SYDNEY 8th Aug 2023: New research released today by credit bureau, illion, shows that a rise in overdue trade invoices and debt collection indicates that business conditions for Australians are likely to deteriorate through 2023. The ‘retail’, ‘food’, and ‘construction’ sectors are especially vulnerable.

With financial stress from falling revenues and rising costs impacting business solvency, business failure risk is trending higher, with little evidence of near-term relief.

Trade invoice data held by illion and analysed through its proprietary trade payment program, found that businesses operating in high-risk industries have the highest percentage of overdue trade payments (by dollar amount) and high-risk businesses are taking longer to pay outstanding invoices in 2023, as compared to previous years. Put in simple terms, their trade payment obligations are more likely to remain unpaid or substantially overdue when finally paid.

On a national basis, the ‘food services’ and ‘construction’ industries are showing the highest failure risk in Australia at 14 percent and 11 percent respectively, closely followed by the ‘retail services’ and ‘transport’ sectors, both at 10% risk of failure.

At the other end of the scale, ‘financial & insurance services’, as well as ‘professional & technical services’ both at 3.5 percent, and ‘wholesale trade & manufacturing’ at four percent having the lowest risk of business failure.

The following graph illustrates that trade obligations invoiced very recently (billed in the last three months) to businesses in the three higher-risk industries were far more likely to remain unpaid for at least two months than invoices due for payment from the lower-risk professional and financial services sectors.

This difference ranged from 60% higher, when comparing ‘construction’ to ‘professional services’, to three times higher, when comparing ‘food services’ to ‘financial services’. The food, retail, and construction sectors, therefore, appear to be the most vulnerable to financial stress such as from rising costs and lower sales.

“When we focused on high-risk businesses, irrespective of their industry sector, the research found that 57 percent of all outstanding trade invoices were over 60 days overdue in March 2023, many times higher than the overdue rate across all Australian businesses, which is only around 6 percent,” said Barrett Hasseldine, Head of Modelling at illion. “Overdue trade obligations were therefore strongly indicative of business failure risk.”

“In addition, high risk businesses also suffered a large deterioration in overdue trade payments between July 2022 and March 2023, climbing from 42% to 57%. This deterioration in invoice payments was especially notable in the last quarter of 2022 and the first quarter of 2023, rising from 44% in November 2022 to 57% in March 2023.”

“With already-high underlying financial stress continuing to climb, and no indication of any improvement through 2023, Australia should expect to see overdue trade payments and higher business failure risk continuing through 2023.”

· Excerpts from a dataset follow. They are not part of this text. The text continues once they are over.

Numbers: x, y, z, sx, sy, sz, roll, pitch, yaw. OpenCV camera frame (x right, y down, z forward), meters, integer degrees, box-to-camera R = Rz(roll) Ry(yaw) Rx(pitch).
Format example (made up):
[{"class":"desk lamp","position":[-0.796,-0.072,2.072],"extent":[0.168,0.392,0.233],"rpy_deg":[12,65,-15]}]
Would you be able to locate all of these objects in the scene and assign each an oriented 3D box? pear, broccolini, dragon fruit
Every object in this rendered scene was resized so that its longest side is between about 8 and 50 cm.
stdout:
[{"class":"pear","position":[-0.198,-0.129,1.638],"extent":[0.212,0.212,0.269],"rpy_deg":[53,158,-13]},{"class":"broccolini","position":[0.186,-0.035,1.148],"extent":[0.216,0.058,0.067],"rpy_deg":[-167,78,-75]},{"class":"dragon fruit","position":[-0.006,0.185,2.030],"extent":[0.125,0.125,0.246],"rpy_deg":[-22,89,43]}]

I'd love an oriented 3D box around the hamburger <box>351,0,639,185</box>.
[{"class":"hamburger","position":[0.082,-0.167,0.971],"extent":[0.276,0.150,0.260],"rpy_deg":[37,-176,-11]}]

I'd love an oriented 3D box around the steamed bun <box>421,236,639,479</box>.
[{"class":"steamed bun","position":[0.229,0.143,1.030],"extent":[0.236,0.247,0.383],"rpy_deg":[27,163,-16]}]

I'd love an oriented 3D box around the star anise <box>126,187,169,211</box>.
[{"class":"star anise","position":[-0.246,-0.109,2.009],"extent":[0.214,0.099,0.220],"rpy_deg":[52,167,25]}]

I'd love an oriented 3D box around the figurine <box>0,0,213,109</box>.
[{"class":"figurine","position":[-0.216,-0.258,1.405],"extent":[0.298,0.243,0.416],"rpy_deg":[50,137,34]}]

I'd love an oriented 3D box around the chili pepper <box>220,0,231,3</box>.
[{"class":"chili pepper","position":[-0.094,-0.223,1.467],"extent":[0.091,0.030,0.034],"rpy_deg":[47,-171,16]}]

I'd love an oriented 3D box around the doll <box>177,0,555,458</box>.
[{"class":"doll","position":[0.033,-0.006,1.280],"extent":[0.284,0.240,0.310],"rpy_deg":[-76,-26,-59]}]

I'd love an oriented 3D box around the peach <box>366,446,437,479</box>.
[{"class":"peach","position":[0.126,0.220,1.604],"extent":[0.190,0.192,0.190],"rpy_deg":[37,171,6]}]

The research showed that the situation for high-risk businesses within the ‘food services’ and ‘retail sectors’ is particularly concerning, as shown in the below graph. In the food services industry, the percentage of substantially overdue trade payments now exceeds 62% (up from 52% in July 2022). In the retail sector it is now at 68% (up from a range of 40-50% during 2022).

“In both industries, high-risk businesses appear to have struggled for some time now but have also deteriorated substantially in the last 6 months,” Mr Hasseldine added.

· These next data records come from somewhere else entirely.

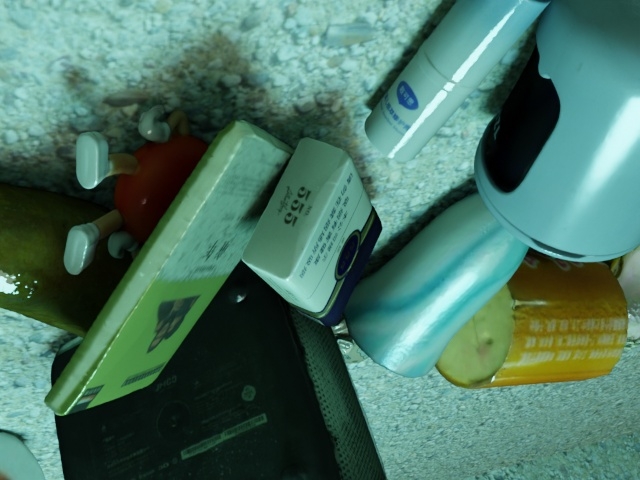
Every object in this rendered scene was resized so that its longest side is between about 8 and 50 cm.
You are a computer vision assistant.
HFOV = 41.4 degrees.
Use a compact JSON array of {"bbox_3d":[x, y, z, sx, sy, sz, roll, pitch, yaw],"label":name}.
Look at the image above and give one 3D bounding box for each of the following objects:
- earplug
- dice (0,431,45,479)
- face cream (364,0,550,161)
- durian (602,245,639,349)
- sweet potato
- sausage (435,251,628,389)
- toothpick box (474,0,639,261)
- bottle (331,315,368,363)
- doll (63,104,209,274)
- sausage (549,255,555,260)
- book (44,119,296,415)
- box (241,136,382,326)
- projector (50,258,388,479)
[{"bbox_3d":[0.195,0.042,1.263,0.185,0.185,0.324,8,136,-39],"label":"earplug"},{"bbox_3d":[-0.622,0.478,1.410,0.251,0.259,0.243,-32,146,24],"label":"dice"},{"bbox_3d":[0.141,-0.191,0.917,0.077,0.077,0.250,2,144,-34],"label":"face cream"},{"bbox_3d":[0.605,0.066,1.571,0.305,0.185,0.195,-5,122,-12],"label":"durian"},{"bbox_3d":[-0.312,0.014,0.935,0.158,0.157,0.370,-35,140,26],"label":"sweet potato"},{"bbox_3d":[0.346,0.131,1.437,0.287,0.233,0.233,4,143,-33],"label":"sausage"},{"bbox_3d":[0.340,-0.159,0.922,0.263,0.263,0.354,-10,148,-16],"label":"toothpick box"},{"bbox_3d":[0.038,0.141,1.401,0.099,0.098,0.152,-22,150,4],"label":"bottle"},{"bbox_3d":[-0.179,-0.059,0.916,0.217,0.085,0.183,-17,128,-49],"label":"doll"},{"bbox_3d":[0.469,-0.061,1.342,0.264,0.083,0.083,-30,149,15],"label":"sausage"},{"bbox_3d":[-0.144,0.032,0.944,0.352,0.035,0.239,-56,168,7],"label":"book"},{"bbox_3d":[0.000,0.000,1.046,0.168,0.071,0.259,-64,160,-10],"label":"box"},{"bbox_3d":[-0.150,0.278,1.198,0.395,0.405,0.242,-26,150,12],"label":"projector"}]

“This trend in overdue payments suggests that the recent economic shock has had an especially significant impact on retail businesses, potentially resulting from falling revenues post-Christmas and rising input costs from shop rents, power prices, and inventory costs.”

“This recent rise in overdue trade payments can also be seen in vulnerable construction businesses, up from 29% in September 2022 to 42% in March 2023, and is likely to be attributed to the fall in cash flow from rising building supply costs and contract labour costs coinciding with fixed contracted project revenues.”

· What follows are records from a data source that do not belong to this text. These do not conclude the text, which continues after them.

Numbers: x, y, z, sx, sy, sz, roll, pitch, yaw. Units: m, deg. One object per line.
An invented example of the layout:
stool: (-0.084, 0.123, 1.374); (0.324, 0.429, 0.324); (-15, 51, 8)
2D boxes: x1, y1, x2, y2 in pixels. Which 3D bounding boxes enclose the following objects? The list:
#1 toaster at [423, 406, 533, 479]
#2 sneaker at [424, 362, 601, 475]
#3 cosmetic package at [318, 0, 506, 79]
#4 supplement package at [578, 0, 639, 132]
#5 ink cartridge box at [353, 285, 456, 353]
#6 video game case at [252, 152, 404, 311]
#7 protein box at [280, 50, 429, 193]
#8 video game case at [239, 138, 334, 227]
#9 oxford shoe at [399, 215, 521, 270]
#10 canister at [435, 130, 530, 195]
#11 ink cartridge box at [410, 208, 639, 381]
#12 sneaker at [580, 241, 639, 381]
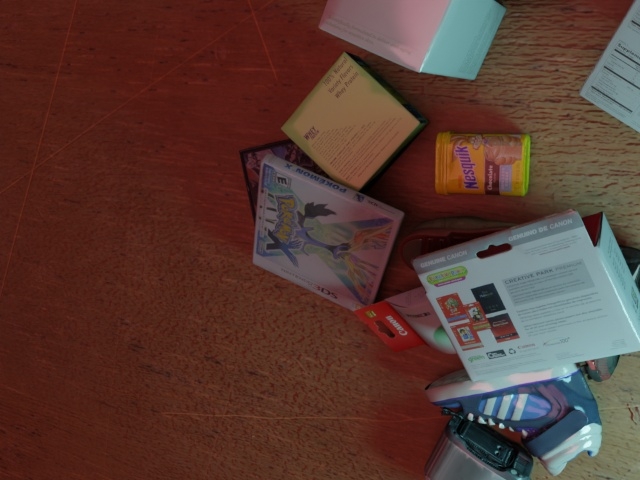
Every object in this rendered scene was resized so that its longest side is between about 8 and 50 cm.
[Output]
toaster: (0.315, 0.466, 1.422); (0.227, 0.129, 0.147); (31, 115, 16)
sneaker: (0.388, 0.367, 1.360); (0.322, 0.130, 0.236); (-17, 89, 23)
cosmetic package: (0.173, -0.386, 1.174); (0.196, 0.365, 0.155); (30, 112, 19)
supplement package: (0.566, -0.310, 1.022); (0.198, 0.199, 0.263); (37, 155, 15)
ink cartridge box: (0.206, 0.177, 1.402); (0.224, 0.056, 0.181); (-24, 129, 27)
video game case: (0.000, 0.000, 1.423); (0.299, 0.036, 0.329); (25, 140, 11)
protein box: (0.072, -0.231, 1.366); (0.201, 0.136, 0.200); (44, 109, 6)
video game case: (-0.048, -0.091, 1.536); (0.248, 0.035, 0.275); (-8, 97, 28)
oxford shoe: (0.333, -0.003, 1.306); (0.348, 0.130, 0.123); (6, 124, 22)
canister: (0.314, -0.148, 1.321); (0.169, 0.073, 0.126); (4, 103, 24)
ink cartridge box: (0.355, 0.077, 1.177); (0.309, 0.130, 0.272); (-19, 108, 34)
sneaker: (0.551, 0.137, 1.248); (0.135, 0.097, 0.276); (10, 104, 27)

“The financial risks besetting the food services, retail and construction sectors have now also coincided with a significant rise in debt collection activity, most notably in the construction industry, which has seen a threefold rise in daily collections activity in Q1 2023, compared with the previous nine months.

“Similarly, the retail and food services sectors have had 75% rises in collections activity. This contrasts with the Professional Services and Financial Services sectors where we have seen no change in collections activity over the last 12 months.”

While Australian businesses have been affected by economic shocks in 2023, an underlying trend to higher failure risk has been evident for over 12 months. Vulnerable businesses have shown a gradual deterioration in their trading behaviour, which has then been exacerbated by these recent shocks.



About the data

illion holds business information on over 8 million commercial entities and over 2 million active entities. Adverse business history, structural, geographic, demographic and director data is sourced from court registrations and ASIC. Trading behaviour, including invoicing and payment data is sourced from illion’s proprietary trade program, which holds the trading obligations of Australian businesses. The program’s data-store holds the volume and value of invoices received over more than 20 years and the business’ performance in meeting these obligations.


“This Commercial Insights Report (“Report”) is provided by illion Australia Pty Limited (“illion”)as general information, and it is not (and does not contain any form of) professional, legal or financial advice.

illion makes no representations, warranties or guarantees that this Report is error-free, accurate or complete.